We used Mash38 to identify instances when SemiBin(pretrain) and Metabat2 reconstructed the same genome. Most Metabat2-generated high-quality bins corresponded to high-quality bins generated by SemiBin(pretrain). SemiBin(pretrain) results further contained many high-quality bins which corresponded to lower-quality (or absent) bins in the Metabat2 results, the inverse case (Metabat2 generating a higher-quality version of a SemiBin(pretrain) bin) being relatively rare. For genomes that were recovered at high-quality by both binners, the SemiBin(pretrain) bins had, on average, higher completeness and F1-score, with only a minimal increase in contamination in the human gut, dog gut, and ocean datasets (not statistically significant in the human and dog gut datasets, see Fig. 4 and Supplementary Fig. 13).

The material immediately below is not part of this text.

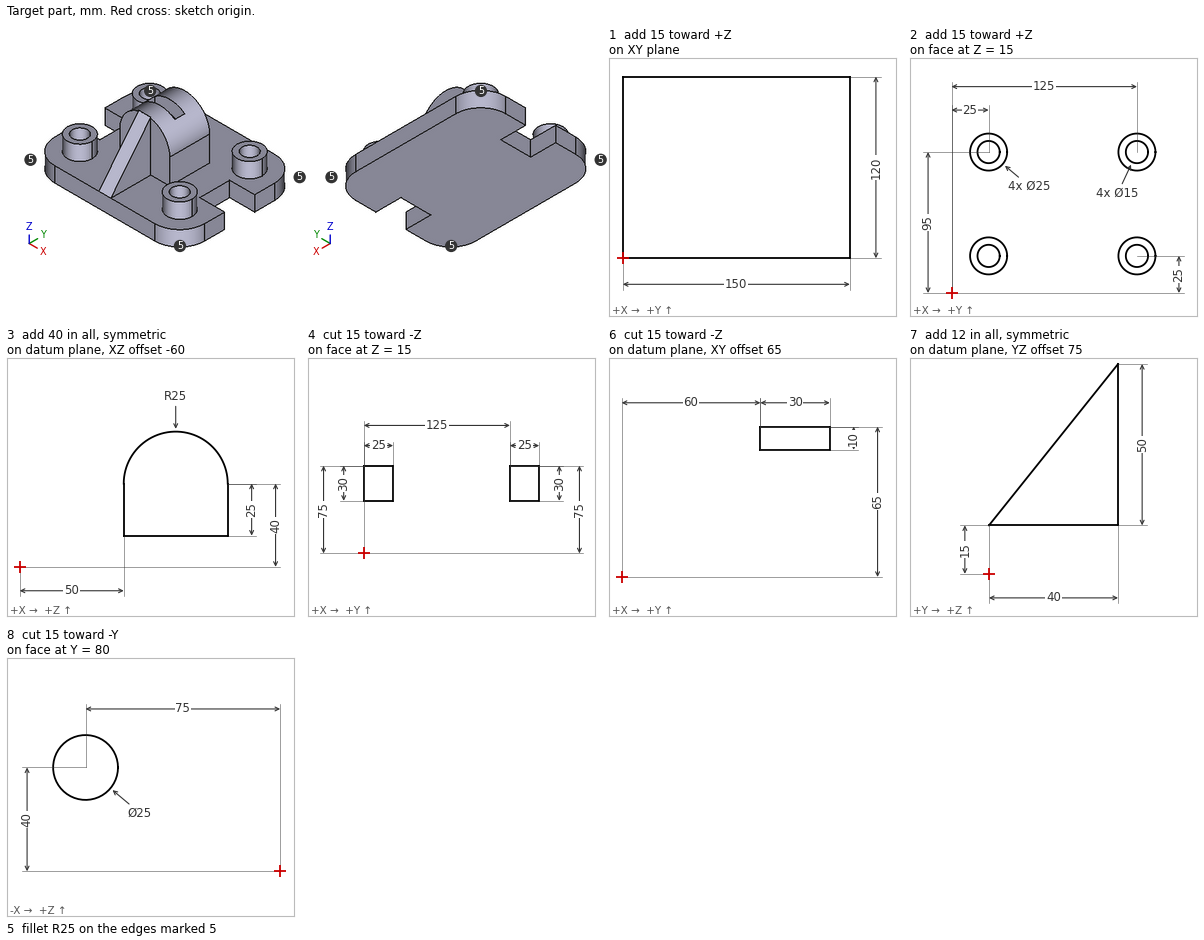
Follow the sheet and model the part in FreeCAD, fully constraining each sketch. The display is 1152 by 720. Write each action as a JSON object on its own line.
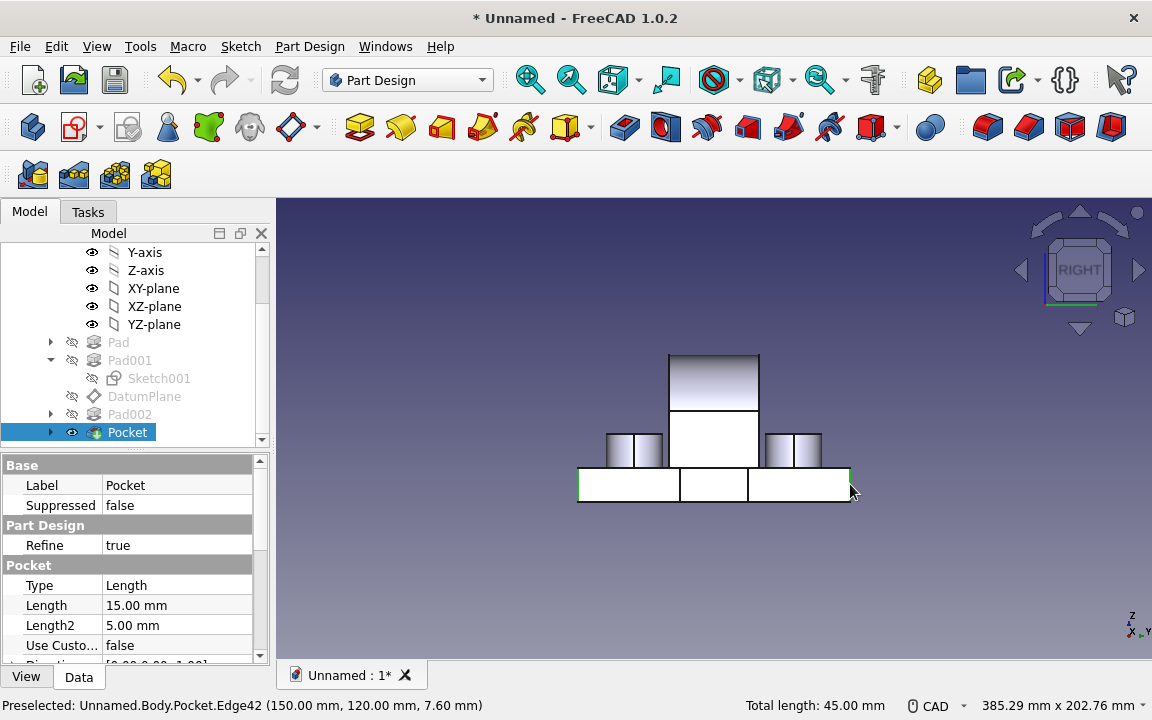
{"action": "key", "text": "5"}

Fig. 4: SemiBin(pretrain) reconstructed more and better high-quality bins compared to Metabat2 in human gut dataset.
figure 4

We identified the overlap between the bins in the human gut from Metabat2 and SemiBin(pretrain) using Mash (see Methods). Within bins that are present at high-quality in the output of both binners, SemiBin(pretrain) achieved higher completeness (recall) (P = 2.236 × 10−67 (n = 82)) without a statistically significant increase in contamination (1−precision) (P = 0.167 (n = 82)). The overall F1-score is significantly better (P = 9.287 × 10−67 (n = 82); all P values were computed using the Wilcoxon signed-rank test, two-sided null hypothesis). Similar results were obtained in the dog gut and ocean datasets (see Supplementary Fig. 13). For the box plots, the centerline is the median of all values, the lower and upper bounds of the box correspond to 25th and 75th percentiles and the lower and upper of the whiskers are the minimum and maximum values. Source data are provided as a Source Data file.

We annotated the high-quality bins generated by SemiBin(pretrain) and Metabat2 with GTDB-Tk37. Bins from SemiBin(pretrain) represented a larger taxonomic diversity at all levels (see Supplementary Fig. 14). Additionally, SemiBin(pretrain) was able to recover more genomes from both known and unknown species (see Supplementary Fig. 15), validating the ability of the deep learning model to extract information from the background data while being capable of going beyond it.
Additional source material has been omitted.